Leucine metabolites do not attenuate training-induced inflammation in young resistance trained men.

Leucine metabolites may reduce training-induced inflammation; however, there is scant evidence for this assertion. We conducted a double-blind randomized controlled pragmatic trial where 40 male participants were allocated into 4 groups: α-hydroxyisocaproic acid group ([α-HICA], n = 10, Fat-free mass [FFM] = 62.0 ± 7.1 kg), ß-hydroxy-ß-methylbutyrate free acid group ([HMB-FA], n = 11, FFM = 62.7 ± 10.5 kg), calcium ß-hydroxy-ß-methylbutyrate group ([HMB-Ca], n = 9, FFM = 65.6 ± 10.1 kg) or placebo group ([PLA]; n = 10, FFM = 64.2 ± 5.7 kg).
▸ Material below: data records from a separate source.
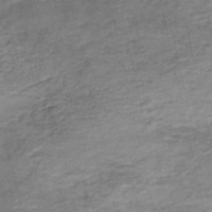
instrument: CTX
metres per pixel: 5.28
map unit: Nhe
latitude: -48.1228
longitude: -171.4993
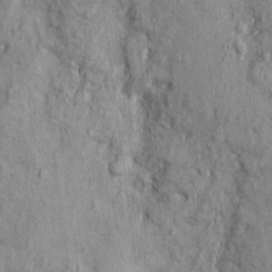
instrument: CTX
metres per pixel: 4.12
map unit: Nhu
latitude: -0.2929
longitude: -15.3104

An 8-week whole-body resistance training routine (3 training sessions per week) was employed to induce gains in skeletal-muscle thickness. Skeletal muscle thickness (MT), one repetition maximum (1RM), interleukin-6 (IL-6), high-sensitivity C-reactive protein (hsCRP) and tumour necrosis factor alpha (TNF-α) were assessed at baseline and at the end of weeks 4 and 8. Time-dependent increases were detected from baseline to week 8 for MT (vastus lateralis: p = 0.009; rectus femoris: p = 0.018), 1RM (back squat: α-HICA, 18.5% ± 18.9%; HMB-FA, 23.2% ± 16%; HMB-Ca, 10.5% ± 13.8%; PLA, 19.7% ± 9% and bench press: α-HICA, 13.8% ± 19.1%; HMB-FA, 15.5% ± 9.3%; HMB-Ca, 10% ± 10.4%; PLA, 14.4 ± 11.3%, both p < 0.001), IL-6, hsCRP (both p < 0.001) and TNF-α (p = 0.045). No differences were found between groups at any time point. No leucine metabolite attenuated inflammation during training. Additionally, backwards elimination regressions showed that no circulating inflammatory marker consistently shared variance with the change in any outcome. Using leucine metabolites to modulate inflammation cannot be recommended from the results obtained herein. Furthermore, increases in inflammatory markers, from training, do not correlate with any outcome variable and are likely the result of training adaptations.